Each of the NoSQL systems has significant overlap with the others, and some level of specialisation. Most of them are pretty good and could reasonably be used for our purposes. MongoDB is chosen due partly to familiarity, and partly because it isn't a key/value store and thus supports a couple of additional query modes that are useful for us.

Redis is the strongest competitor for this position and would probably be equally capable, with the caveat that it is more about k/v storage.
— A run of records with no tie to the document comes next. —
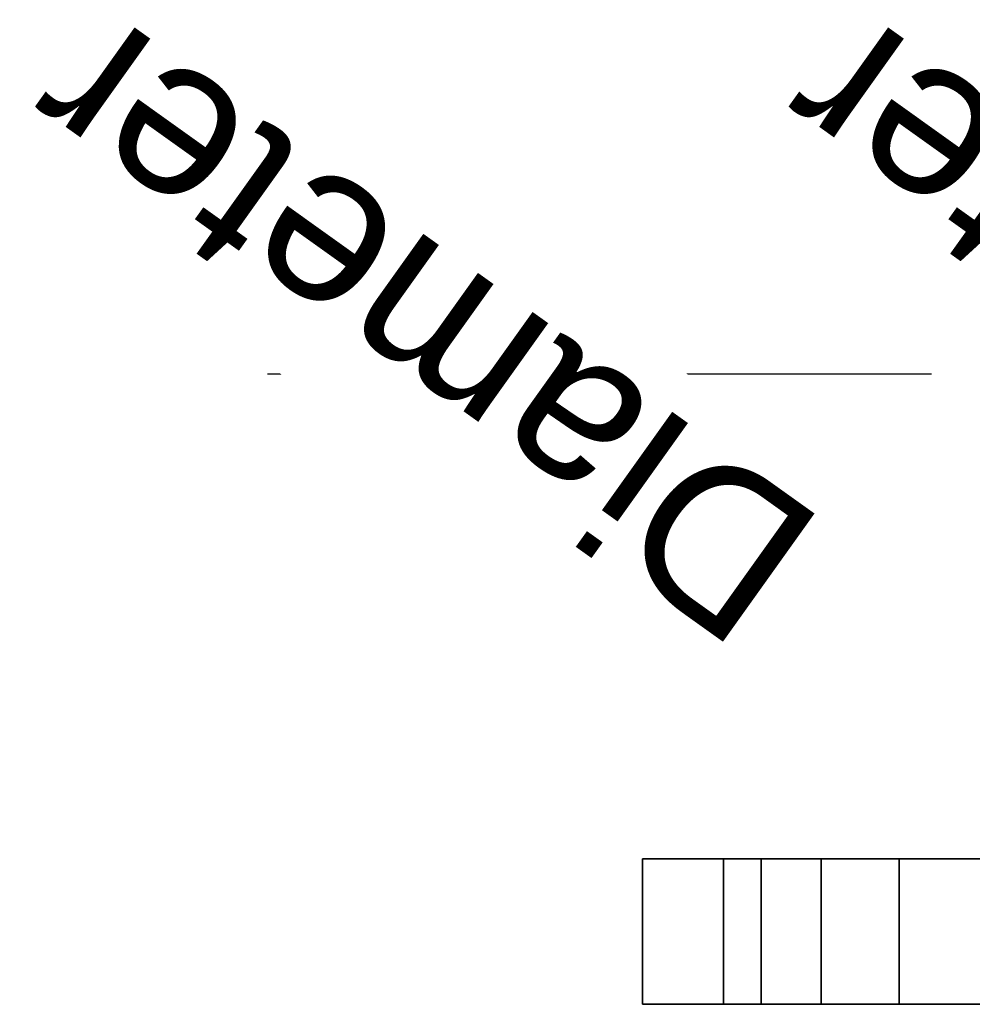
# Model space of a CAD drawing. Header units: millimetres. Extents: x -132 to 74, y -77 to 78.
# Tile 1 of 10: x -132 to -43, y -14 to 78. Entities that reach past the tile are written whole.
import ezdxf

# ---------------------------------------------------------------- set-up
doc = ezdxf.new("R2010")
doc.units = ezdxf.units.MM
doc.layers.add('P-SANR-FIXT', color=6, linetype='Continuous', lineweight=30)
doc.styles.add('Arial', font='arial.ttf', dxfattribs={"height": 14.6304})

msp = doc.modelspace()

# ---------------------------------------------------------------- linework, layer by layer
at = {"color": 1, "lineweight": 30}
for p, q in [((-83.024, 45, -19.286), (-108.896, 45, 6.586)), ((-83.024, 45, -6.586), (-108.896, 45, 19.286)), ((-95.96, 45, 6.35), (-95.96, 45, -6.35))]:
    msp.add_line(p, q, dxfattribs=at)

# ---------------------------------------------------------------- texts
at = {"color": 5, "lineweight": 30, "insert": (-28.935, 43.294, -40.454), "char_height": 14.6304, "width": 99.20583, "attachment_point": 2, "rotation": 144.45055, "line_spacing_factor": 0.941778, "style": 'Arial', "bg_fill": 3, "box_fill_scale": 1.25, "bg_fill_color": 256, "bg_fill_true_color": 13158600, "bg_fill_transparency": 0}
msp.add_mtext('Diameter', dxfattribs=at)

# ---------------------------------------------------------------- meshes
at = {"layer": 'P-SANR-FIXT'}
mesh = msp.add_polyface(dxfattribs=at)
corners = [(32.724, 0, 53), (41.772, 0, 51.81), (50.205, 0, 48.321), (57.45, 0, 42.771), (63.013, 0, 35.537), (66.52, 0, 27.11), (74.062, 0, -15.409), (74.062, 0, -58.591), (66.517, 0, -101.11), (63.013, 0, -109.537), (57.45, 0, -116.771), (50.205, 0, -122.321), (41.772, 0, -125.81), (32.724, 0, -127), (-32.724, 0, -127), (-41.774, 0, -125.81), (-50.208, 0, -122.32), (-57.453, 0, -116.768), (-63.017, 0, -109.531), (-66.519, 0, -101.102), (-74.053, 0, -58.588), (-74.053, 0, -15.412), (-66.519, 0, 27.102), (-63.017, 0, 35.531), (-57.453, 0, 42.768), (-50.208, 0, 48.32), (-41.774, 0, 51.81), (-32.724, 0, 53)]
mesh.append_faces([[corners[k] for k in face] for face in [(0, 21, 27), (10, 13, 8, 9), (8, 13, 7)]], dxfattribs={"vtx0": -1, "vtx1": -1})
mesh.append_faces([[corners[k] for k in face] for face in [(27, 21, 22, 26)]], dxfattribs={"vtx0": -1, "vtx2": -1})
mesh.append_faces([[corners[k] for k in face] for face in [(0, 5, 6, 21)]], dxfattribs={"vtx0": -1, "vtx2": -1, "vtx3": -1})
mesh.append_faces([[corners[k] for k in face] for face in [(26, 22, 23, 24), (14, 18, 19, 20)]], dxfattribs={"vtx0": -1, "vtx3": -1})
mesh.append_faces([[corners[k] for k in face] for face in [(13, 14, 20, 7)]], dxfattribs={"vtx1": -1, "vtx2": -1, "vtx3": -1})
mesh.append_faces([[corners[k] for k in face] for face in [(20, 21, 6, 7), (0, 1, 4, 5)]], dxfattribs={"vtx1": -1, "vtx3": -1})
mesh.append_faces([[corners[k] for k in face] for face in [(24, 25, 26), (14, 15, 16)]], dxfattribs={"vtx2": -1})
mesh.append_faces([[corners[k] for k in face] for face in [(16, 17, 18, 14)]], dxfattribs={"vtx2": -1, "vtx3": -1})
mesh.append_faces([[corners[k] for k in face] for face in [(1, 2, 3, 4), (10, 11, 12, 13)]], dxfattribs={"vtx3": -1})
mesh = msp.add_polyface(dxfattribs=at)
corners = [(-66.519, -13.5, -101.102), (-74.053, -13.5, -58.588), (-74.053, -13.5, -15.412), (-66.519, -13.5, 27.102), (-66.519, 0, 27.102), (-74.053, 0, -15.412), (-74.053, 0, -58.588), (-66.519, 0, -101.102)]
mesh.append_faces([[corners[k] for k in face] for face in [(4, 5, 2, 3)]], dxfattribs={"vtx1": -1})
mesh.append_faces([[corners[k] for k in face] for face in [(1, 2, 5, 6)]], dxfattribs={"vtx1": -1, "vtx3": -1})
mesh.append_faces([[corners[k] for k in face] for face in [(6, 7, 0, 1)]], dxfattribs={"vtx3": -1})
mesh = msp.add_polyface(dxfattribs=at)
corners = [(-66.519, -13.5, 27.102), (-63.017, -13.5, 35.531), (-57.453, -13.5, 42.768), (-50.208, -13.5, 48.32), (-41.774, -13.5, 51.81), (-32.724, -13.5, 53), (-32.724, 0, 53), (-41.774, 0, 51.81), (-50.208, 0, 48.32), (-57.453, 0, 42.768), (-63.017, 0, 35.531), (-66.519, 0, 27.102)]
mesh.append_faces([[corners[k] for k in face] for face in [(6, 7, 4, 5)]], dxfattribs={"vtx1": -1})
mesh.append_faces([[corners[k] for k in face] for face in [(7, 8, 3, 4), (2, 3, 8, 9), (9, 10, 1, 2)]], dxfattribs={"vtx1": -1, "vtx3": -1})
mesh.append_faces([[corners[k] for k in face] for face in [(10, 11, 0, 1)]], dxfattribs={"vtx3": -1})
mesh = msp.add_polyface(dxfattribs=at)
corners = [(-32.724, -13.5, -127), (-41.774, -13.5, -125.81), (-50.208, -13.5, -122.32), (-57.453, -13.5, -116.768), (-63.017, -13.5, -109.531), (-66.519, -13.5, -101.102), (-66.519, 0, -101.102), (-63.017, 0, -109.531), (-57.453, 0, -116.768), (-50.208, 0, -122.32), (-41.774, 0, -125.81), (-32.724, 0, -127)]
mesh.append_faces([[corners[k] for k in face] for face in [(6, 7, 4, 5)]], dxfattribs={"vtx1": -1})
mesh.append_faces([[corners[k] for k in face] for face in [(7, 8, 3, 4), (2, 3, 8, 9), (9, 10, 1, 2)]], dxfattribs={"vtx1": -1, "vtx3": -1})
mesh.append_faces([[corners[k] for k in face] for face in [(10, 11, 0, 1)]], dxfattribs={"vtx3": -1})
mesh = msp.add_polyface(dxfattribs=at)
corners = [(32.724, -13.5, 53), (-32.724, -13.5, 53), (-41.774, -13.5, 51.81), (-50.208, -13.5, 48.32), (-57.453, -13.5, 42.768), (-63.017, -13.5, 35.531), (-66.519, -13.5, 27.102), (-74.053, -13.5, -15.412), (-74.053, -13.5, -58.588), (-66.519, -13.5, -101.102), (-63.017, -13.5, -109.531), (-57.453, -13.5, -116.768), (-50.208, -13.5, -122.32), (-41.774, -13.5, -125.81), (-32.724, -13.5, -127), (32.724, -13.5, -127), (41.772, -13.5, -125.81), (50.205, -13.5, -122.321), (57.45, -13.5, -116.771), (63.013, -13.5, -109.537), (66.52, -13.5, -101.11), (74.062, -13.5, -58.591), (74.062, -13.5, -15.409), (66.517, -13.5, 27.11), (63.013, -13.5, 35.537), (57.45, -13.5, 42.771), (50.205, -13.5, 48.321), (41.772, -13.5, 51.81)]
mesh.append_faces([[corners[k] for k in face] for face in [(4, 2, 3)]], dxfattribs={"vtx0": -1})
mesh.append_faces([[corners[k] for k in face] for face in [(15, 8, 14)]], dxfattribs={"vtx0": -1, "vtx1": -1})
mesh.append_faces([[corners[k] for k in face] for face in [(22, 0, 7, 8)]], dxfattribs={"vtx0": -1, "vtx1": -1, "vtx3": -1})
mesh.append_faces([[corners[k] for k in face] for face in [(10, 12, 13, 9), (9, 13, 14, 8)]], dxfattribs={"vtx0": -1, "vtx2": -1})
mesh.append_faces([[corners[k] for k in face] for face in [(0, 22, 23, 24), (15, 19, 20, 21)]], dxfattribs={"vtx0": -1, "vtx3": -1})
mesh.append_faces([[corners[k] for k in face] for face in [(11, 12, 10)]], dxfattribs={"vtx1": -1})
mesh.append_faces([[corners[k] for k in face] for face in [(18, 19, 15), (0, 1, 7)]], dxfattribs={"vtx1": -1, "vtx2": -1})
mesh.append_faces([[corners[k] for k in face] for face in [(21, 22, 8, 15)]], dxfattribs={"vtx1": -1, "vtx2": -1, "vtx3": -1})
mesh.append_faces([[corners[k] for k in face] for face in [(27, 0, 24, 25), (1, 2, 6, 7)]], dxfattribs={"vtx1": -1, "vtx3": -1})
mesh.append_faces([[corners[k] for k in face] for face in [(25, 26, 27), (16, 17, 18, 15)]], dxfattribs={"vtx2": -1})
mesh.append_faces([[corners[k] for k in face] for face in [(4, 5, 6, 2)]], dxfattribs={"vtx2": -1, "vtx3": -1})

# ---------------------------------------------------------------- next in the draw order: linework, layer by layer
at = {"color": 1, "lineweight": 30}
for p, q in [((-47.192, 45, -6.35), (-108.152, 45, -6.35)), ((-47.192, 45, 6.35), (-108.152, 45, 6.35))]:
    msp.add_line(p, q, dxfattribs=at)

# ---------------------------------------------------------------- next in the draw order: texts
at = {"color": 5, "lineweight": 30, "insert": (-98.935, 43.294, -40.454), "char_height": 14.6304, "width": 99.20583, "attachment_point": 2, "rotation": 144.45055, "line_spacing_factor": 0.941778, "style": 'Arial', "bg_fill": 3, "box_fill_scale": 1.25, "bg_fill_color": 256, "bg_fill_true_color": 13158600, "bg_fill_transparency": 0}
msp.add_mtext('Diameter', dxfattribs=at)

doc.saveas('drawing.dxf')

One possible reason why we may change this decision is that Redis offers PUB/SUB and queue operators that could plausibly be used to remove the need for 0MQ.

A tightly contested position, the backend communications loop was a close tie between Redis, 0MQ and RabbitMQ. Indeed Rabbit had been decided upon, but discussion with someone who had been using most of the solutions in production convinced me to switch to 0MQ. The fundamental issue is that Rabbit represents a complex solution, and it becomes difficult to diagnose in the event of weird failure, which apparently is just not all that uncommon (it's not Rabbit itself, various drivers, reconnect sequences etc can apparently cause problems).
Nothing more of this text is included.